Metteur en scène, comédien et chanteur, il s'est formé parallèlement à L’École Supérieure d’Art dramatique de Paris (ESAD/CNR) et dans la classe de chant lyrique du Conservatoire du Centre de Paris, puis au CRD d’Issy-Les-Moulineaux. Cette double formation l’amène à mettre en scène plusieurs spectacles lyriques, de Claude Terrasse à Menotti en passant par Chabrier, Milhaud, Viardot et Kosma. Sur scène, on a pu le voir dans divers projets, allant du baroque au contemporain, de la méta-comédie de Boulevard au théâtre expérimental. Il travaille principalement au sein du Collectif le Foyer, avec lequel il crée depuis 2008 une dizaine de spectacles et une revue pluridisciplinaire : Le Fourneau Cosmique. Passionné de pédagogie et de transmission, il travaille avec plusieurs troupes amateures, et enseigne notamment à l’ENSATT-Lyon et à Sciences Po-Paris.

Les retours élogieux de la première édition :

Article sur le site De la cour au jardin

Le Groupe Lyrique, ensemble vocal composé d'amateurs de très, mais alors très haut niveau, s'est emparé à l'Auditorium Saint-Germain du Mikado, une opérette que l'on doit au célèbre duo britannique Gilbert et Sullivan.

Nous sommes en effet en 1885, les deux compères décident d'écrire et de mettre en musique un argument se déroulant dans un Japon de fantaisie, un Japon mi-idéalisé mi-fantasmé très en vogue à l'époque. Un Japon d'opérette, quoi...

Dans ce pays-du-soleil-levant-là, figurez-vous que le flirt est interdit, sous peine de décapitation. Cette interdiction va évidemment engendrer bien des péripéties, notamment pour Nanki-Pooh, le fils du Mikado, obligé de s'enfuir de la cellule familiale pour cause de romance trop poussée. Il parcourt les routes du pays en simple ménestrel et va tomber amoureux de la belle Yum-Yum, hélas promise au mariage au tailleur Ko-Ko. Mais la loi anti-flirt va devoir également s'appliquer à ce Ko-Ko qui va finalement se retrouver bourreau en chef, ceci lui permettant de ne pas avoir à se décapiter lui-même.
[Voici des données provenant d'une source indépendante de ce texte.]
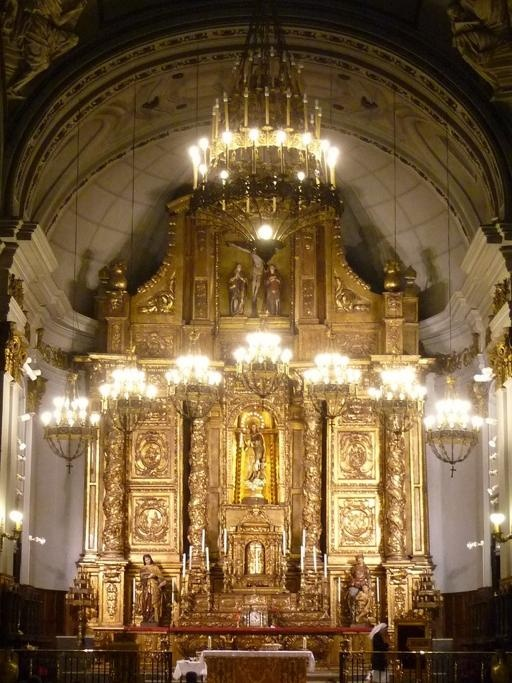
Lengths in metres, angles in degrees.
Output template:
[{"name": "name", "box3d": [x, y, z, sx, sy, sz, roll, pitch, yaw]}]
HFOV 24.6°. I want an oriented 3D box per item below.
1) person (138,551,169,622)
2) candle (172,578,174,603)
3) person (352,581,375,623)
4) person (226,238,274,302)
[{"name": "person", "box3d": [-1.845, 4.406, 20.684, 0.409, 1.227, 0.726, -7, -18, 18]}, {"name": "candle", "box3d": [-1.501, 4.487, 21.039, 0.057, 0.409, 0.102, 2, -17, -10]}, {"name": "person", "box3d": [1.880, 4.628, 20.575, 0.420, 0.697, 0.361, 1, -17, -9]}, {"name": "person", "box3d": [-0.005, -1.260, 22.879, 0.849, 0.746, 0.375, 1, -8, -20]}]
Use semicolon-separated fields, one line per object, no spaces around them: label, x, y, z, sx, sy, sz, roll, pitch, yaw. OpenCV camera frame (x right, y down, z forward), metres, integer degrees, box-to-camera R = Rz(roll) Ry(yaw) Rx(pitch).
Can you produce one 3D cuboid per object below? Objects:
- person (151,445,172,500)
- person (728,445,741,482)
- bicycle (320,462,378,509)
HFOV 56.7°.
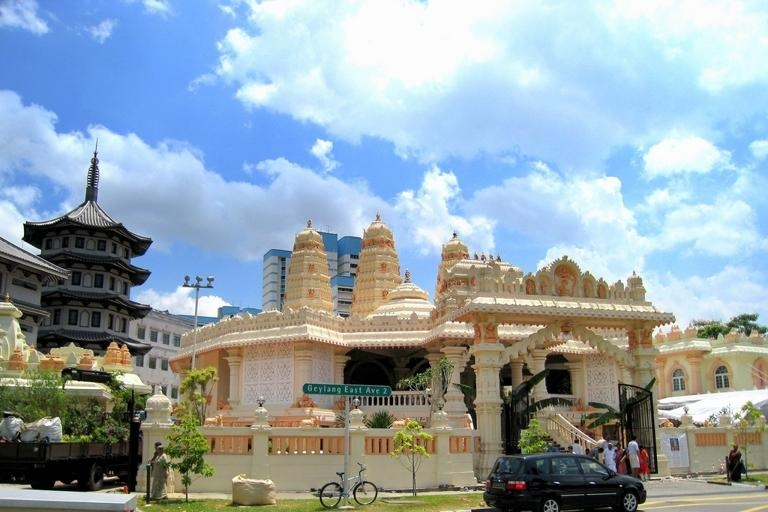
person;-7.679;7.362;24.396;0.606;1.858;1.042;6;-20;-16
person;14.826;8.834;30.299;0.626;1.472;1.148;-9;-21;24
bicycle;-1.228;7.815;24.308;2.380;1.465;1.181;-1;-10;-5
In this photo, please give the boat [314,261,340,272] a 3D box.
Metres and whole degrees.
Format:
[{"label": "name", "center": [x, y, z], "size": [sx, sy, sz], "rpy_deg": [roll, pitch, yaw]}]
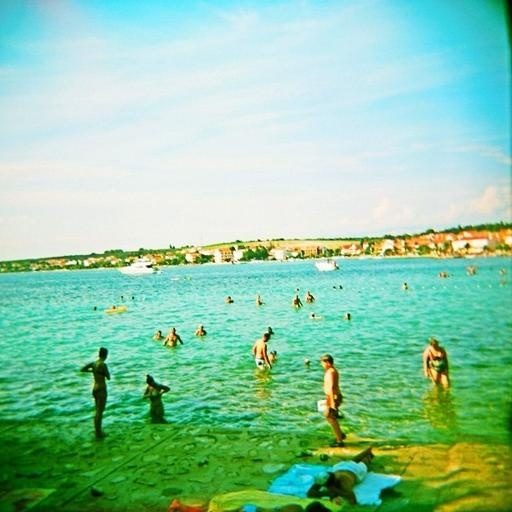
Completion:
[{"label": "boat", "center": [18.326, 2.837, 122.971], "size": [6.922, 2.180, 3.026], "rpy_deg": [9, 2, 42]}]
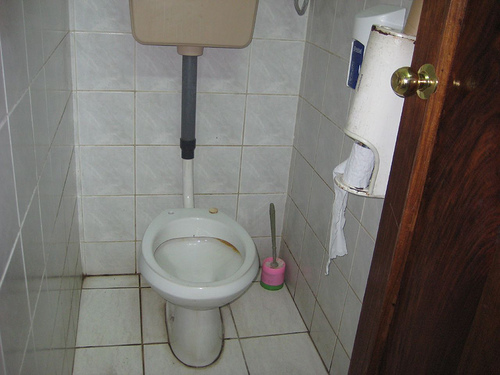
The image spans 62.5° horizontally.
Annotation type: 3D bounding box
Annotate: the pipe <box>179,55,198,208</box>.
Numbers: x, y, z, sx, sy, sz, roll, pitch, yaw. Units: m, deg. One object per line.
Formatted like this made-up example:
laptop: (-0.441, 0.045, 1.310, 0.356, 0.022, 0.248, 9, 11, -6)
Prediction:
pipe: (-0.274, -0.246, 1.878, 0.090, 0.663, 0.133, -1, 31, -9)

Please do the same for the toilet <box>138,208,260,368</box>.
toilet: (-0.209, 0.441, 1.806, 0.481, 0.575, 0.517, -8, 17, -12)
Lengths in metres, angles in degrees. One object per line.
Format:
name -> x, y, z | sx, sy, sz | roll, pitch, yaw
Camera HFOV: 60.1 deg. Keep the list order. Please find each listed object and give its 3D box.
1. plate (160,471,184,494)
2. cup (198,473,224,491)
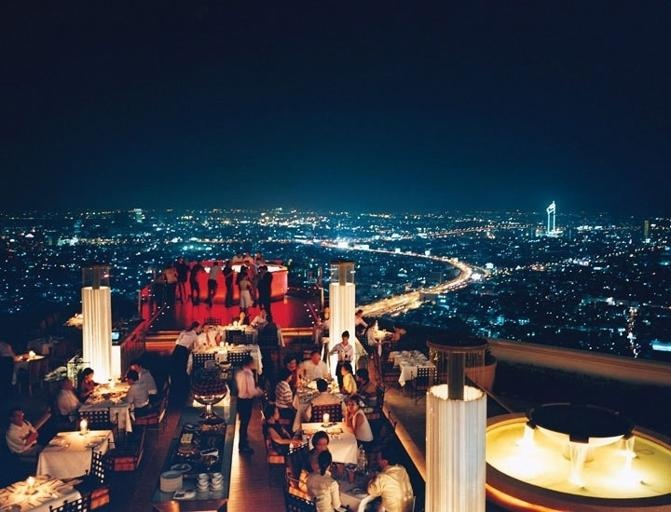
plate -> -2.462, 3.365, 8.652 | 0.283, 0.161, 0.271 | 1, 1, -5
cup -> -1.872, 3.360, 8.633 | 0.292, 0.121, 0.279 | 1, 3, 0
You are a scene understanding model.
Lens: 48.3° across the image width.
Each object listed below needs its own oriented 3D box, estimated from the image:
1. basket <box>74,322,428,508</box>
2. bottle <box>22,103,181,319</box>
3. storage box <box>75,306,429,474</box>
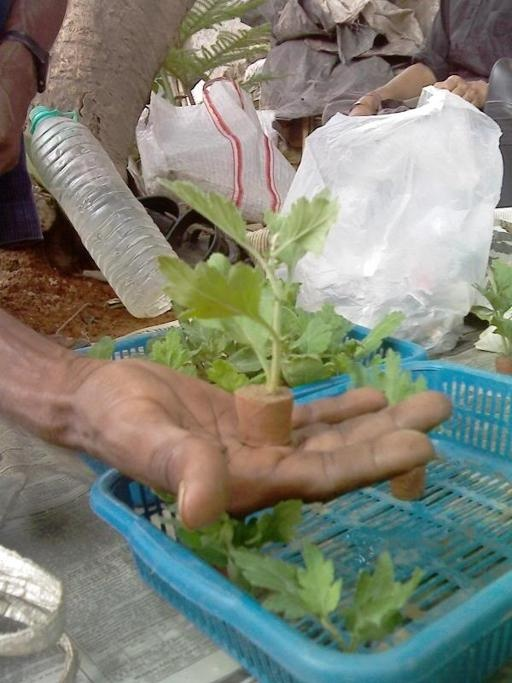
[{"bbox_3d":[0.023,0.038,0.848,0.424,0.174,0.308,-11,20,-35],"label":"basket"},{"bbox_3d":[-0.412,-0.384,1.530,0.226,0.190,0.689,-24,74,-32],"label":"bottle"},{"bbox_3d":[-0.043,-0.013,0.897,0.464,0.194,0.347,-11,21,-33],"label":"storage box"}]
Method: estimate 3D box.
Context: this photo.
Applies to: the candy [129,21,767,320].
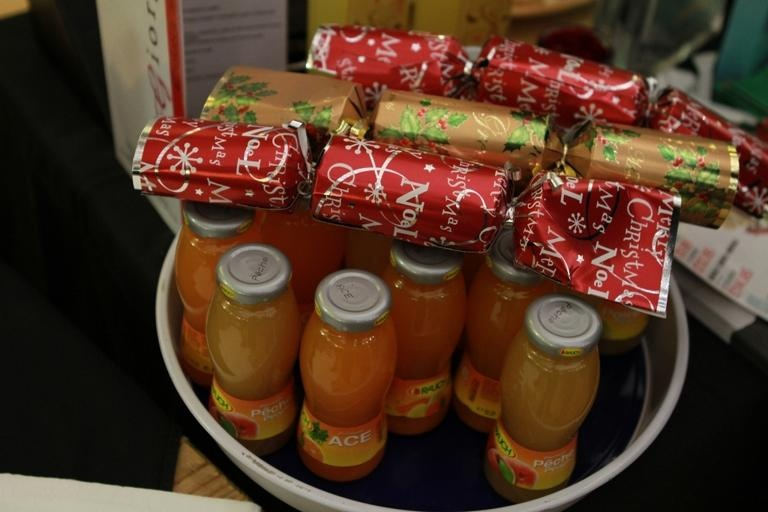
[{"bbox_3d":[0.074,-0.086,0.741,0.577,0.130,0.324,14,41,9],"label":"candy"}]
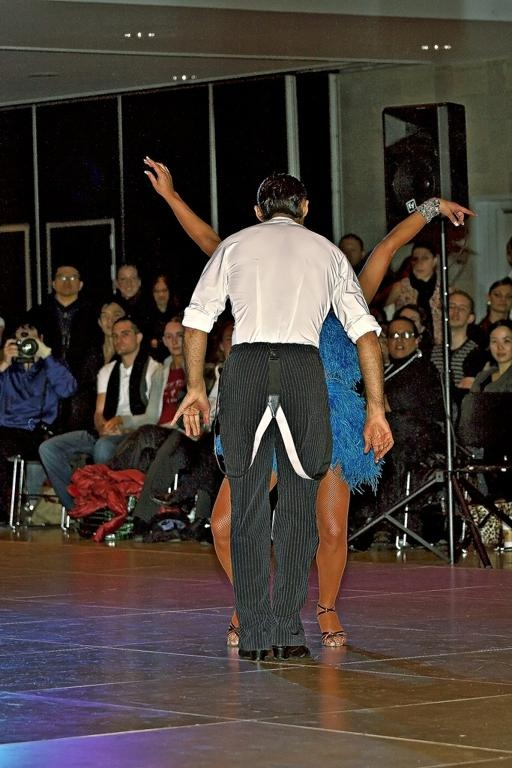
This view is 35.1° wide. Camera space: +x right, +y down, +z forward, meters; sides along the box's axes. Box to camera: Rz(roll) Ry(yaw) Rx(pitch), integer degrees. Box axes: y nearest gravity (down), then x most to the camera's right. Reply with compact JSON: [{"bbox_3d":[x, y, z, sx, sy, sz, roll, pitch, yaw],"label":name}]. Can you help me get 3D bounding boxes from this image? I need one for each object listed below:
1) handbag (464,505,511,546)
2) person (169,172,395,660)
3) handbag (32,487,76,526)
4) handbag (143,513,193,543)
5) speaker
[{"bbox_3d":[1.524,0.925,5.358,0.345,0.297,0.074,-10,15,-34],"label":"handbag"},{"bbox_3d":[0.071,0.067,2.177,0.589,1.314,0.356,0,-3,5],"label":"person"},{"bbox_3d":[-1.790,1.084,7.013,0.336,0.352,0.124,-2,-2,16],"label":"handbag"},{"bbox_3d":[-0.623,1.026,5.758,0.239,0.088,0.262,1,-1,9],"label":"handbag"},{"bbox_3d":[1.095,-1.248,4.970,0.527,0.755,0.504,-3,3,-41],"label":"speaker"}]
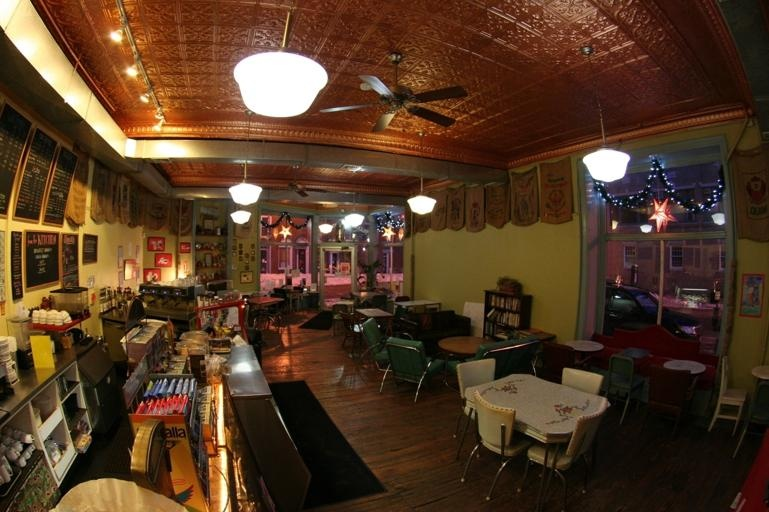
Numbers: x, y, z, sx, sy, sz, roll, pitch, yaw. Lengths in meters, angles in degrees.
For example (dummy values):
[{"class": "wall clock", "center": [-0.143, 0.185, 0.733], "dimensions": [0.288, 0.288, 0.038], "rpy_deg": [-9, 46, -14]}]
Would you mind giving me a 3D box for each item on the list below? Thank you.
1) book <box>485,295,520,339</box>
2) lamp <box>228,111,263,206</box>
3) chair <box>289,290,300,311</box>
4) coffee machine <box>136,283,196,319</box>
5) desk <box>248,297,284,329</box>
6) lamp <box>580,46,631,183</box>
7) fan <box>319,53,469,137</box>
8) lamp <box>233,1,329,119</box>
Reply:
[{"class": "book", "center": [2.477, 1.283, 10.259], "dimensions": [0.291, 0.895, 0.858], "rpy_deg": [8, -8, -21]}, {"class": "lamp", "center": [-2.888, -1.598, 10.330], "dimensions": [0.553, 1.578, 5.133], "rpy_deg": [-2, 0, -15]}, {"class": "chair", "center": [-2.847, 1.419, 15.743], "dimensions": [0.334, 0.701, 1.014], "rpy_deg": [-2, 0, -9]}, {"class": "coffee machine", "center": [-4.529, 0.933, 10.278], "dimensions": [1.118, 0.649, 0.399], "rpy_deg": [4, 6, 10]}, {"class": "desk", "center": [-3.140, 1.588, 13.464], "dimensions": [0.696, 0.618, 0.696], "rpy_deg": [-4, 0, 3]}, {"class": "lamp", "center": [3.280, -1.931, 7.417], "dimensions": [0.583, 1.868, 2.327], "rpy_deg": [-2, 0, 23]}, {"class": "fan", "center": [0.187, -2.291, 7.006], "dimensions": [1.494, 1.037, 1.793], "rpy_deg": [-2, 0, -12]}, {"class": "lamp", "center": [-1.076, -1.876, 5.316], "dimensions": [0.840, 1.131, 0.825], "rpy_deg": [4, -33, -7]}]
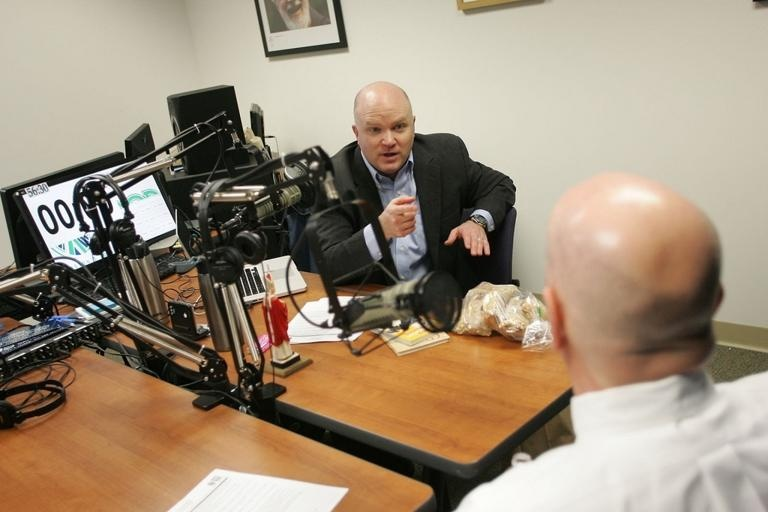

Vous suivez ? Non ? Peu importe !

Ce qui compte ici, ce sont les rires générés par toutes ces situations plus délirantes les unes que les autres.

Le Groupe Lyrique nous propose un spectacle musical de grande qualité. Le chœur notamment m'a vraiment impressionné : j'ai entendu un ensemble cohérent, très équilibré, une vraie pâte sonore. Les solistes ne sont pas en reste, avec notamment le ténor Alain Giron, interprétant ce pauvre Ko-Ko, le baryton Mathieu Guigue (le noble Pish-Tush), sans oublier l'autre baryton Bernard Zakia en grand Chambellan. Non seulement ces trois-là chantent très bien, mais ils possèdent une réelle vis comica, une puissance comique et un beau jeu d'acteur. Chez les filles, la soprano Nora Ketir est une Yum-Yum de très belle tenue.

C'est Renaud Boutin qui met en scène. Il a choisi d'associer aux chanteurs des marionnettes.C'est une excellente idée car ce sont alors des tableaux d'une grande beauté qui se déroulent devant nos yeux. Laurent Zaïk est à la baguette et dirige avec précision l'Orchestre Bernard Thomas.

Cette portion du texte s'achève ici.